S&P Global Platts Analytics'e göre, geçici bir anlaşma bile petrol ihracatını potansiyel olarak günde 700.000 varil artırabilir ve petrol piyasalarındaki kalıcı sıkılığı hafifletebilir.  
 
İran'ın baş müzakerecisi Ali Bagheri Kani Çarşamba günü Twitter'da ABD ve İran'ın bir anlaşmaya yaklaştığını söyledi. Kani, "Haftalarca süren yoğun müzakerelerin ardından bir anlaşmaya hiç olmadığı kadar yaklaştık, ancak her şey kararlaştırılana kadar hiçbir şey üzerinde anlaşmaya varılmadı" dedi.
 
İran'ın nükleer baş müzakerecisi Ali Bagheri Kani, sağda, Viyana'da İran nükleer anlaşmasını canlandırma amaçlı Ortak Kapsamlı Eylem Planı toplantısının yapıldığı Coburg Palais'te. Fotoğraf: Carnegie Vakfı
 
Günün erken saatlerinde ABD Dışişleri Bakanlığı sözcüsü Ned Price, tarafların müzakerelerin "en son aşamalarında" olduğunu söyledi. 
 
İslam Cumhuriyeti Haber Ajansı (IRNA) şunları bildirdi: “Viyana'daki yaptırımların kaldırılmasına ilişkin sekizinci tur müzakereler 26 Ocak'ta başladı ve artık görüşmelerin başarısının veya başarısızlığının yalnızca Batı'nın siyasi kararlarına bağlı olduğu bir noktaya geldi.

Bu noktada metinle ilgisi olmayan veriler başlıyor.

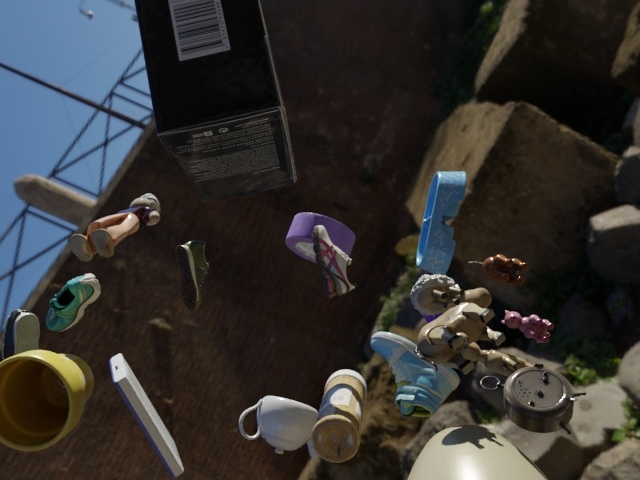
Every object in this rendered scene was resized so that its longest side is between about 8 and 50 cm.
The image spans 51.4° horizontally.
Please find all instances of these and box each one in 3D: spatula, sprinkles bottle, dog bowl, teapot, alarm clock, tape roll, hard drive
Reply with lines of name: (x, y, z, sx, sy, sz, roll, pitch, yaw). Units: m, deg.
spatula: (0.434, 0.296, 2.242, 0.084, 0.296, 0.030, -18, 42, 45)
sprinkles bottle: (0.054, 0.451, 1.749, 0.355, 0.121, 0.121, -48, -18, -80)
dog bowl: (0.324, -0.050, 1.803, 0.166, 0.074, 0.297, 108, 173, -84)
teapot: (-0.139, 0.703, 2.493, 0.252, 0.256, 0.187, 55, -133, -55)
alarm clock: (0.403, 0.298, 1.289, 0.129, 0.192, 0.064, -48, -44, -40)
tape roll: (0.000, 0.000, 1.895, 0.189, 0.189, 0.080, 117, 173, -71)
hard drive: (-0.484, 0.480, 1.839, 0.040, 0.318, 0.210, -29, 17, -15)

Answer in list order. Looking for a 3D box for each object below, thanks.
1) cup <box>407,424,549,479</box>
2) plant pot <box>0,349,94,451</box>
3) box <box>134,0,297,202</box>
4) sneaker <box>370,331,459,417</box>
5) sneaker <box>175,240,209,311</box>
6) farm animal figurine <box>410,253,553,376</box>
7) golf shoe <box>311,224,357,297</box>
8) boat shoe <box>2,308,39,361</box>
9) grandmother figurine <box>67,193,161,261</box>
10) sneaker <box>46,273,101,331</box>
cup: (0.294, 0.497, 1.271, 0.237, 0.331, 0.331, -91, 22, -59)
plant pot: (-0.751, 0.417, 1.830, 0.239, 0.254, 0.254, -32, -34, -86)
box: (-0.255, -0.411, 1.697, 0.472, 0.298, 0.479, 78, 179, -75)
sneaker: (0.261, 0.439, 2.127, 0.208, 0.319, 0.127, -50, -26, -25)
sneaker: (-0.328, 0.089, 1.773, 0.086, 0.064, 0.192, -31, -55, -48)
farm animal figurine: (0.348, 0.195, 1.497, 0.172, 0.327, 0.330, 14, 118, 61)
golf shoe: (0.031, 0.047, 1.658, 0.067, 0.086, 0.186, 112, 142, -78)
boat shoe: (-1.003, 0.378, 2.222, 0.114, 0.091, 0.302, 7, -84, -50)
grandmother figurine: (-0.524, -0.049, 1.796, 0.342, 0.208, 0.104, -64, -31, -68)
sneaker: (-0.789, 0.191, 2.052, 0.275, 0.107, 0.110, -45, -16, 32)
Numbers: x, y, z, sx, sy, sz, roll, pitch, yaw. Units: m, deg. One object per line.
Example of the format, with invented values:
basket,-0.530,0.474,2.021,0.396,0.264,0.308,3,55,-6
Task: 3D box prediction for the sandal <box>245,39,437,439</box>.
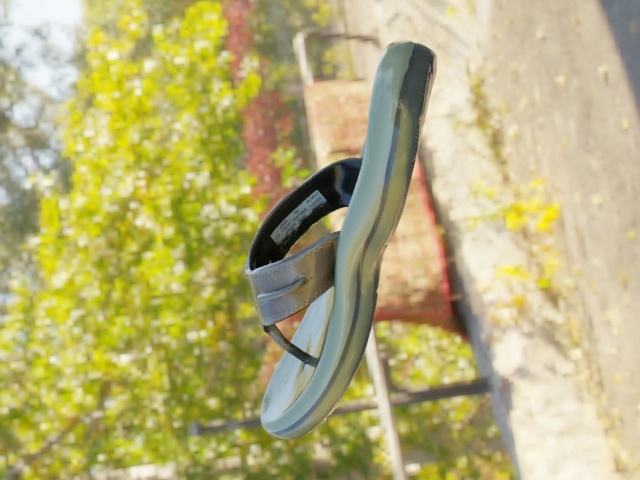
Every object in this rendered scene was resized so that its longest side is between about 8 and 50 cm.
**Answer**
sandal,0.000,-0.002,0.885,0.120,0.086,0.303,-81,5,-54
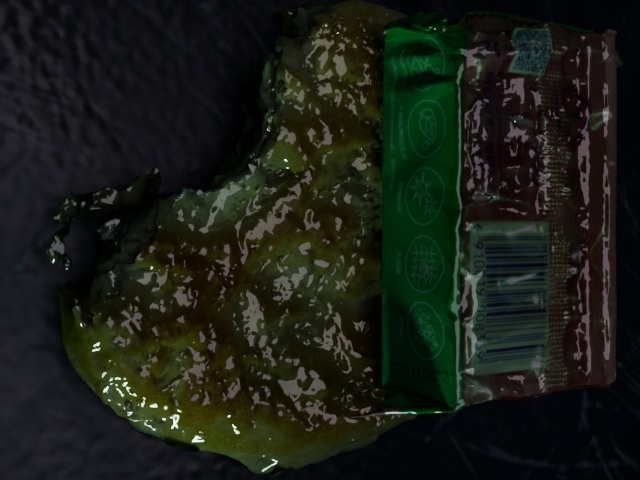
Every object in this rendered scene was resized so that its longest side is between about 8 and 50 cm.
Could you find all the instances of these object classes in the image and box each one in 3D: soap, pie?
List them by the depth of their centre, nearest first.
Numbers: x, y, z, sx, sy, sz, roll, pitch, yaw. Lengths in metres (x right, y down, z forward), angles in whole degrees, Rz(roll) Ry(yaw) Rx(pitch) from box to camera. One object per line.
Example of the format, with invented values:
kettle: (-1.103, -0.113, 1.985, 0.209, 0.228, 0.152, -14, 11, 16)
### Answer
soap: (0.124, -0.017, 0.567, 0.217, 0.098, 0.273, -1, 90, -35)
pie: (0.000, 0.000, 0.593, 0.296, 0.078, 0.371, 48, 68, -19)
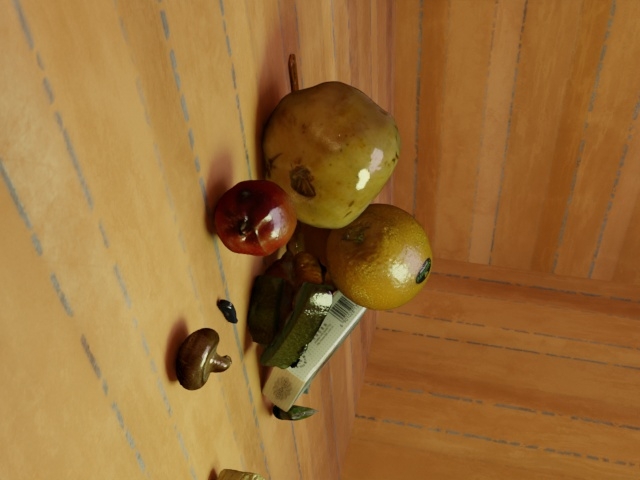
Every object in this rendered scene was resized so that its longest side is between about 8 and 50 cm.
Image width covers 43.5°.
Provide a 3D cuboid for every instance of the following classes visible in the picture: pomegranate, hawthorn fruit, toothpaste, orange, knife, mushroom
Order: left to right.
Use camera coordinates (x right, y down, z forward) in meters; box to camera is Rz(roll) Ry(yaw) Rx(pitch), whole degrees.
[{"bbox_3d":[-0.220,0.215,1.459,0.109,0.085,0.126,-22,139,-44],"label":"mushroom"},{"bbox_3d":[-0.192,0.154,1.689,0.121,0.031,0.018,86,15,-63],"label":"knife"},{"bbox_3d":[-0.130,-0.038,1.539,0.194,0.156,0.157,-52,148,-75],"label":"hawthorn fruit"},{"bbox_3d":[-0.078,0.459,2.147,0.248,0.078,0.047,156,-75,-69],"label":"toothpaste"},{"bbox_3d":[0.024,-0.194,1.819,0.332,0.332,0.333,8,90,-78],"label":"pomegranate"},{"bbox_3d":[0.140,0.038,1.959,0.274,0.274,0.274,8,90,-78],"label":"orange"}]

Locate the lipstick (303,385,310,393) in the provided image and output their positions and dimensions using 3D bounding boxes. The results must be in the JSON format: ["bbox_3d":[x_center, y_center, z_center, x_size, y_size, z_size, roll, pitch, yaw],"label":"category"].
[{"bbox_3d":[-0.035,0.307,2.440,0.068,0.066,0.317,79,22,-54],"label":"lipstick"}]

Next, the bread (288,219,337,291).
[{"bbox_3d":[0.000,0.000,2.157,0.156,0.204,0.288,-33,131,-44],"label":"bread"}]

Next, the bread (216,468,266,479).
[{"bbox_3d":[-0.173,0.604,1.792,0.236,0.139,0.106,80,24,-48],"label":"bread"}]

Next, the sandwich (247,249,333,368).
[{"bbox_3d":[-0.085,0.126,1.912,0.250,0.162,0.301,-54,-159,28],"label":"sandwich"}]

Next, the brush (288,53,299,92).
[{"bbox_3d":[-0.058,-0.342,2.046,0.314,0.017,0.090,84,15,-47],"label":"brush"}]

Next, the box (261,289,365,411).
[{"bbox_3d":[-0.005,0.270,2.091,0.330,0.095,0.210,-49,170,-34],"label":"box"}]

"Batılı taraflar gerekli kararları alırsa, kalan sorunlar çözülebilir ve birkaç gün içinde nihai bir anlaşmaya varılabilir. İran heyeti, ilkelere ve talimatlara dayanarak, kalan konulara ilişkin net öneri ve taleplerini masaya yatırdı ve artık kararlarını Batı'nın vermesi gerekiyor". 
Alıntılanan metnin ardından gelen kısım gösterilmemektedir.